§ **TASK GOAL**: Find the line with "5) car (105,388,1580,1199)" in the entries below, then reproduce it and every line after it down to and including the line with "15) pedestrian (210,601,261,676)", exactly.
(RECORDS FOR THIS EXERCISE Opens)
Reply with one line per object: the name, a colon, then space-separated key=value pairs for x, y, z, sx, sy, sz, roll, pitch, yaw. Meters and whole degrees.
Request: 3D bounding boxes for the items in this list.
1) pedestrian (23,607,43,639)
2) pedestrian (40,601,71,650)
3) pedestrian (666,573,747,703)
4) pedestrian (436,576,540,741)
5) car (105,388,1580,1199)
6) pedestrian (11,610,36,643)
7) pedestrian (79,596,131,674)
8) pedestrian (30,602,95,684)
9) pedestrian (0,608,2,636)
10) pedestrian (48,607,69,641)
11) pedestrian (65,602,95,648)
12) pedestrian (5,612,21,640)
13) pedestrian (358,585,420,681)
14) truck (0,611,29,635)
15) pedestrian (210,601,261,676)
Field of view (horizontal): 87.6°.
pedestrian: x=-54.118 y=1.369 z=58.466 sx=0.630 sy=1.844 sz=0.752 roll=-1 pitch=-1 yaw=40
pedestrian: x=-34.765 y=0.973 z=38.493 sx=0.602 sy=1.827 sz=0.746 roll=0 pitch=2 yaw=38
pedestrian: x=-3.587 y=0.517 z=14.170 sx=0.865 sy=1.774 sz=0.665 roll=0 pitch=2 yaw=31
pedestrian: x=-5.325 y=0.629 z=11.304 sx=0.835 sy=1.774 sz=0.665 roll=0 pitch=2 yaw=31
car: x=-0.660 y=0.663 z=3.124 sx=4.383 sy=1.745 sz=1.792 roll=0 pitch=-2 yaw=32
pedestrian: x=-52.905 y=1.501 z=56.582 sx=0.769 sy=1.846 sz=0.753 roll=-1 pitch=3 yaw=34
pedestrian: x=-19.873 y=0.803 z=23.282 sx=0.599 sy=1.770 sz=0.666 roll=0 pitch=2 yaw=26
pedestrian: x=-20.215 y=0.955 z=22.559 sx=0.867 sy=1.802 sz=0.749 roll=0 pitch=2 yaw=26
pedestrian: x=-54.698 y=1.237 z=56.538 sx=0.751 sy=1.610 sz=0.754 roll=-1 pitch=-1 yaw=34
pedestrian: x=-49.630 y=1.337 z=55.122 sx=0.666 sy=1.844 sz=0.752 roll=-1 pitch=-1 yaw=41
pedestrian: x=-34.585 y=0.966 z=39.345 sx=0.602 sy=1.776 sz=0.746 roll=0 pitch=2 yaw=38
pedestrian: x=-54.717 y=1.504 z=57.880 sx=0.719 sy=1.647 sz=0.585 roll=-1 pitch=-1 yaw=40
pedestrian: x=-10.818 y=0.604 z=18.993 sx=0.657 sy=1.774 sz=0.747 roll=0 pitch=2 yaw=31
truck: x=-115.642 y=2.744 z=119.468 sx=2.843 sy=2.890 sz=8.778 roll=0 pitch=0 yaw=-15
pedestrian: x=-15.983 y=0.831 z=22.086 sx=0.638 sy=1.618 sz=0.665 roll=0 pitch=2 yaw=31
(RECORDS FOR THIS EXERCISE Closes)
(RECORDS FOR THIS EXERCISE Opens)
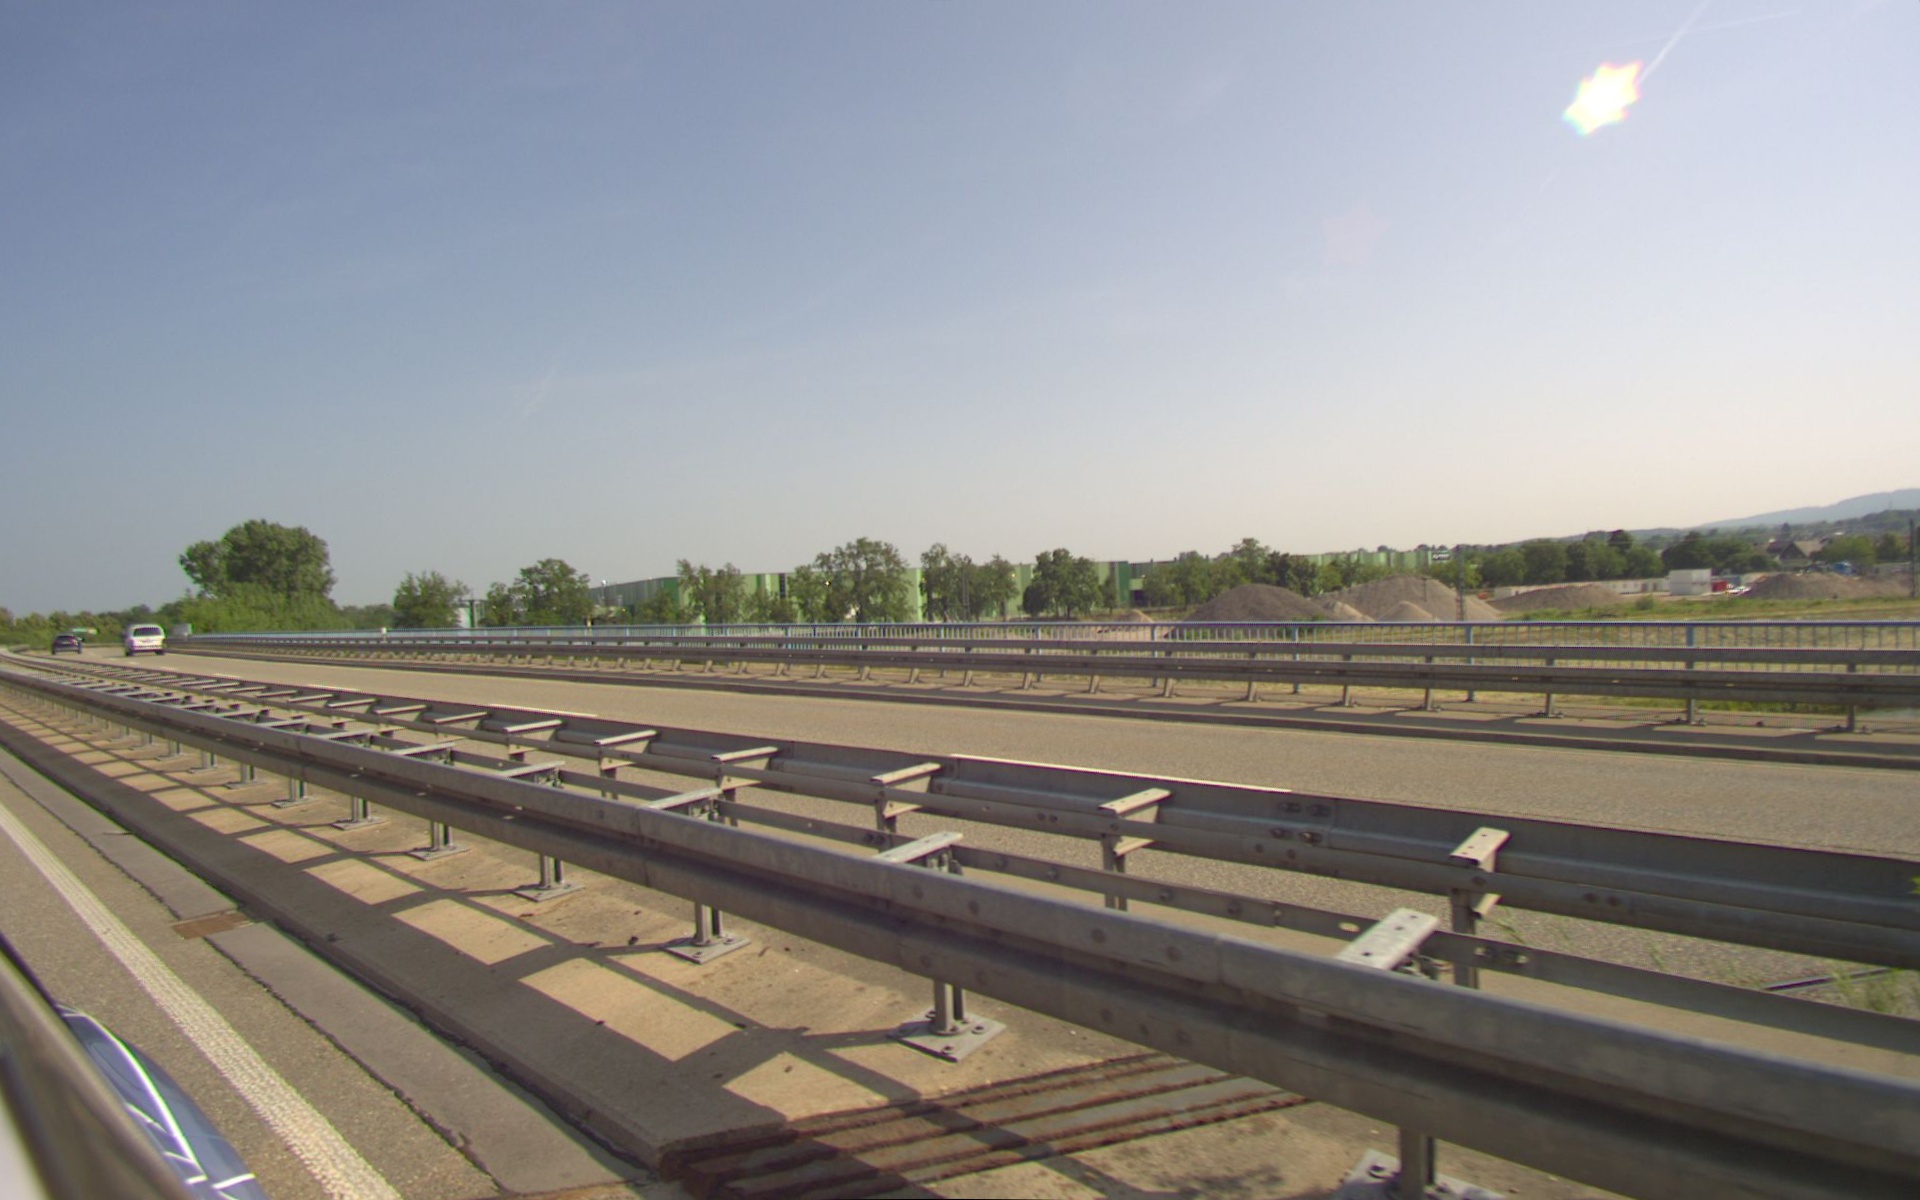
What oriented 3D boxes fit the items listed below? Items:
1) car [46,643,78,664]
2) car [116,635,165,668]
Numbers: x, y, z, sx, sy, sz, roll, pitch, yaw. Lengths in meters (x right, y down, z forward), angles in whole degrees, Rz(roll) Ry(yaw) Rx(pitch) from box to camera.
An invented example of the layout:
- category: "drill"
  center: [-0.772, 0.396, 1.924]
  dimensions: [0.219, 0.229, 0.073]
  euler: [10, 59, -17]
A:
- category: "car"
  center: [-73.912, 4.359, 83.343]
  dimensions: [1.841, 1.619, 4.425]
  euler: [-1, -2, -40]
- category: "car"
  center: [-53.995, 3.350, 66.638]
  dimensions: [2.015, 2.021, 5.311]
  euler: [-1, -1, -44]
(RECORDS FOR THIS EXERCISE Closes)
(RECORDS FOR THIS EXERCISE Opens)
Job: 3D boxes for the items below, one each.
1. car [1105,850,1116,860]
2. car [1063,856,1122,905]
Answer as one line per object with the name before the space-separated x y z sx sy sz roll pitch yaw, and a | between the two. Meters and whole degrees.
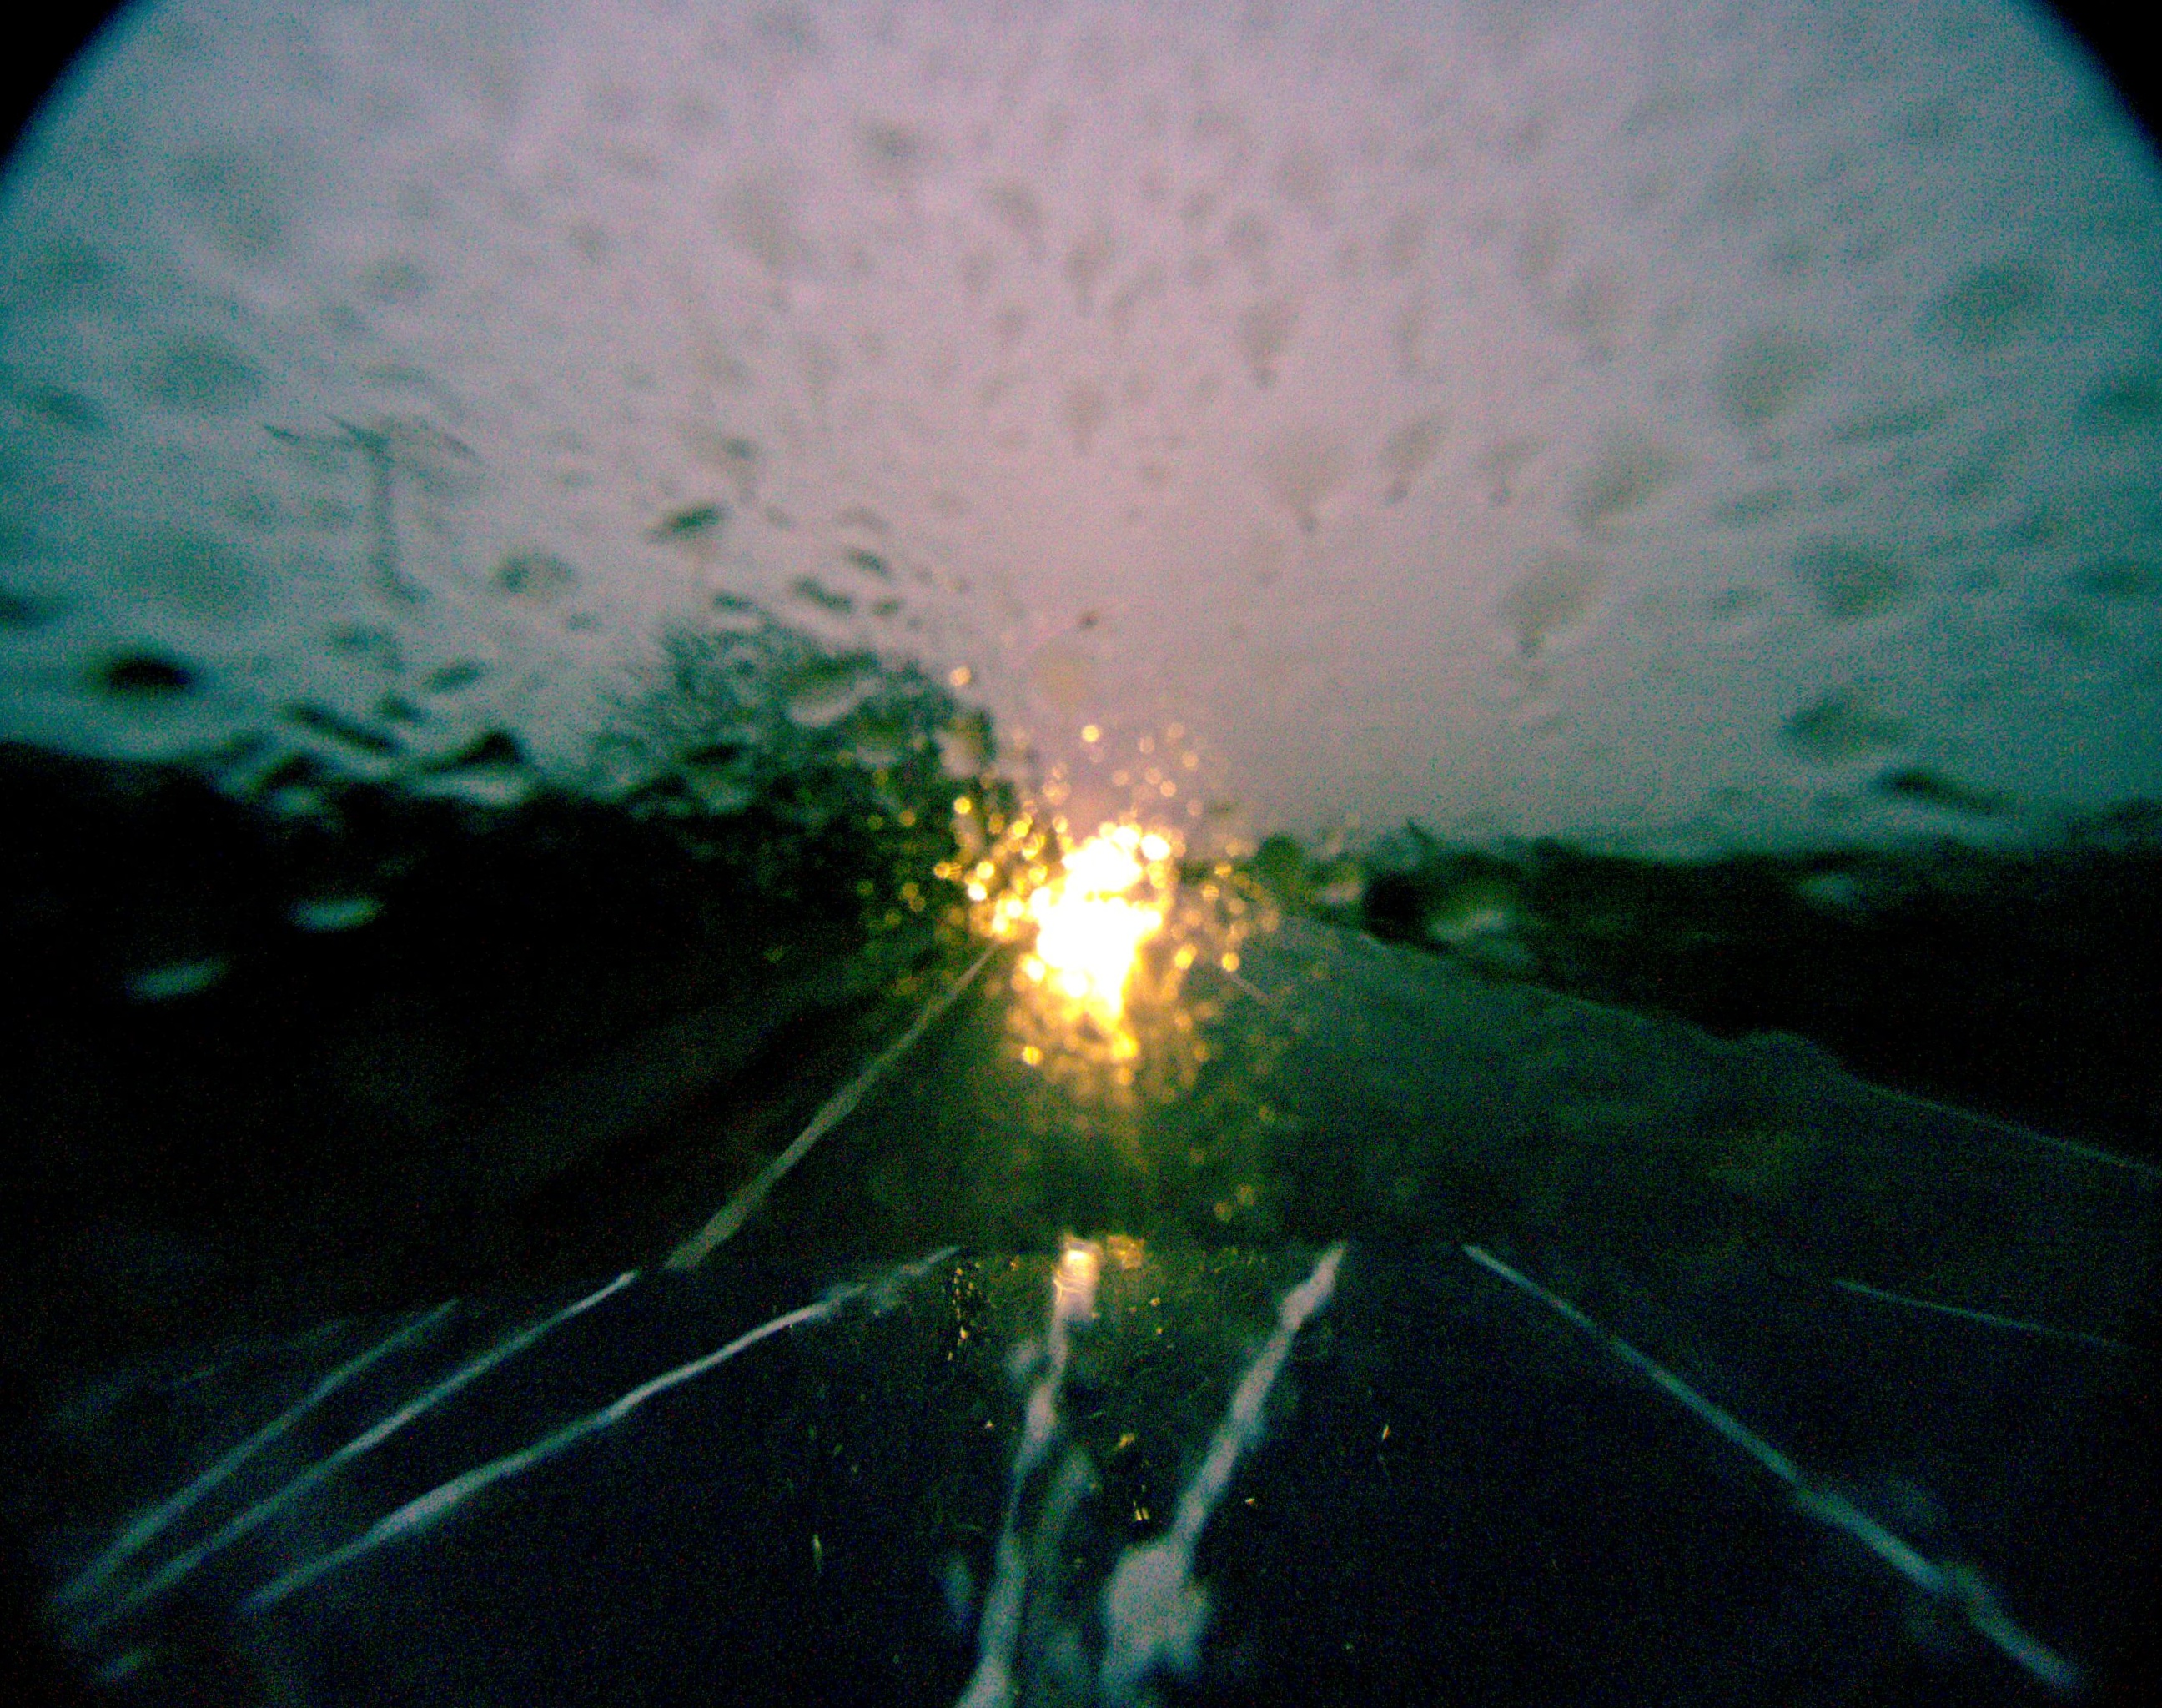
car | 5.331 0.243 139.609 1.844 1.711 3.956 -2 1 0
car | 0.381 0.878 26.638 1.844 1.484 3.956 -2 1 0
(RECORDS FOR THIS EXERCISE Closes)
§ **TASK OUTPUT**:
5) car (105,388,1580,1199)
6) pedestrian (11,610,36,643)
7) pedestrian (79,596,131,674)
8) pedestrian (30,602,95,684)
9) pedestrian (0,608,2,636)
10) pedestrian (48,607,69,641)
11) pedestrian (65,602,95,648)
12) pedestrian (5,612,21,640)
13) pedestrian (358,585,420,681)
14) truck (0,611,29,635)
15) pedestrian (210,601,261,676)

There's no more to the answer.